Annonciation

Fra-Angelico-L'Annonciation-(Prado)À quatre jours de Noël, nous lisons l’évangile de l’Annonciation. Le plus grand et le plus secret de tous les miracles. L’événement le plus intime qui soit. Une jeune fille d’un très obscur village de Galilée a soudain la certitude qu’elle va devenir la mère du Messie.

Les Grecs imaginaient volontiers des naissances d’êtres mi-divins mi-humains, comme Esculape, Dyonisos, Hercule ou Hermès. Mais les histoires que l’on racontait à leur sujet étaient sordides. Surtout, ce n’étaient que légendes.

L’enfant que Marie allait mettre au monde serait quant à lui tout à fait réel. Des foules innombrables se rassemblèrent autour de lui. Son existence historique est absolument indubitable.

Il fut vraiment et pleinement un être humain. Cela ne devrait faire aucun doute pour personne. Le plus grand des miracles est qu’il fut cependant, vraiment et pleinement, le Dieu Très Haut.

Rien ne fut d’abord plus secret. Nul ne fut témoin de sa conception virginale. Il fut un enfant comme les autres. Ses miracles auraient pu être ceux d’un envoyé de Dieu au charisme exceptionnel, comme Moïse ou Elie avant lui.

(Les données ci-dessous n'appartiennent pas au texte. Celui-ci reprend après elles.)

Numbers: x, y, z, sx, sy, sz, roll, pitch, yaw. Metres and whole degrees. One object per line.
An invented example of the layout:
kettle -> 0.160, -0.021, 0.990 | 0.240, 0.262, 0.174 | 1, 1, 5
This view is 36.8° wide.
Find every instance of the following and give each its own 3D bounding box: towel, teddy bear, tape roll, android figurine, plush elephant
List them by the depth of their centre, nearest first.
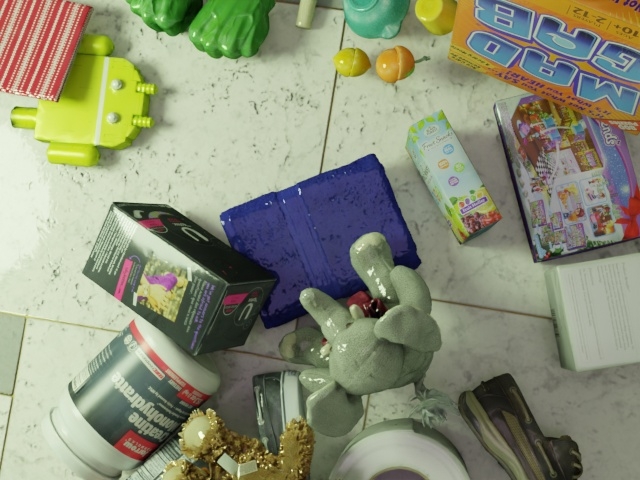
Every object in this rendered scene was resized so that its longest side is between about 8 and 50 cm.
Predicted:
plush elephant -> 0.064, 0.159, 1.505 | 0.272, 0.255, 0.330 | -46, 64, 6
teddy bear -> -0.095, 0.396, 1.519 | 0.338, 0.113, 0.245 | 4, 65, 11
tape roll -> 0.134, 0.431, 1.615 | 0.246, 0.169, 0.246 | 0, 87, 6
towel -> 0.000, 0.000, 1.713 | 0.308, 0.076, 0.227 | -22, 91, 3
towel -> -0.567, -0.365, 1.777 | 0.275, 0.031, 0.199 | 13, 79, 18
android figurine -> -0.434, -0.258, 1.780 | 0.273, 0.056, 0.248 | 7, 86, 8

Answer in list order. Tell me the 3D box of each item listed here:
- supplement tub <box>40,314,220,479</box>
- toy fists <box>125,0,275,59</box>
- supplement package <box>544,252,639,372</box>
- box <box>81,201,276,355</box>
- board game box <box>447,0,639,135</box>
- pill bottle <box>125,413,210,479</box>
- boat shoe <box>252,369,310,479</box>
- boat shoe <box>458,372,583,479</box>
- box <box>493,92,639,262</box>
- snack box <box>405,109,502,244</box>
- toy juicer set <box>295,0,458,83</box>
supplement tub -> -0.325, 0.271, 1.660 | 0.272, 0.191, 0.191 | -45, 83, 1
toy fists -> -0.223, -0.420, 1.752 | 0.279, 0.096, 0.142 | 27, 79, 8
supplement package -> 0.540, 0.109, 1.594 | 0.293, 0.175, 0.177 | -9, 84, 5
box -> -0.240, 0.059, 1.639 | 0.270, 0.165, 0.143 | 33, 105, 21
board game box -> 0.443, -0.440, 1.515 | 0.356, 0.356, 0.356 | 24, 80, 8
pill bottle -> -0.251, 0.419, 1.626 | 0.245, 0.130, 0.130 | -42, 83, -16
boat shoe -> -0.076, 0.379, 1.671 | 0.102, 0.108, 0.301 | -5, 83, 5
boat shoe -> 0.379, 0.377, 1.614 | 0.130, 0.132, 0.355 | -38, 84, 2
box -> 0.436, -0.125, 1.680 | 0.201, 0.057, 0.293 | -14, 84, 4
snack box -> 0.223, -0.103, 1.642 | 0.070, 0.174, 0.207 | -27, 83, 0
toy juicer set -> 0.077, -0.399, 1.730 | 0.329, 0.089, 0.209 | 37, 104, 28

Au Quatrocento, le Bienheureux Fra Angelico, véritable saint et artiste de génie, a mis tout son art à peindre l’événement de l’Annonce faite à Marie. Celle-ci tient un livre sur ses genoux. On comprend qu’elle est surprise alors qu’elle faisait sa prière. L’Ange s’incline. Surtout, il y a ce rayon d’une infinie délicatesse qui traverse toute la scène. En regardant de près, on distingue la silhouette d’une colombe. Pour ceux qui n’auraient pas compris, le rayon figure donc l’Esprit Saint lui-même qui agit depuis le Ciel pour accomplir ce que l’ange vient d’annoncer.

Sur la gauche, on reconnaît la figuration de nos premiers parents, Adam et Eve chassés du Paradis à cause de leur péché. Fra Angelico les a peints avec grand respect. Eve a les mains jointes, comme si elle priait. Adam a la main sur la joue, comme pour cacher ses larmes. Sous leurs pieds, les roses du jardin de Marie, qu’ils piétinent sans y prendre garde.

Nous comprenons que nous leur sommes semblables. Nous saisissons aussi que Celui qui va naître sera leur Sauveur, et le nôtre.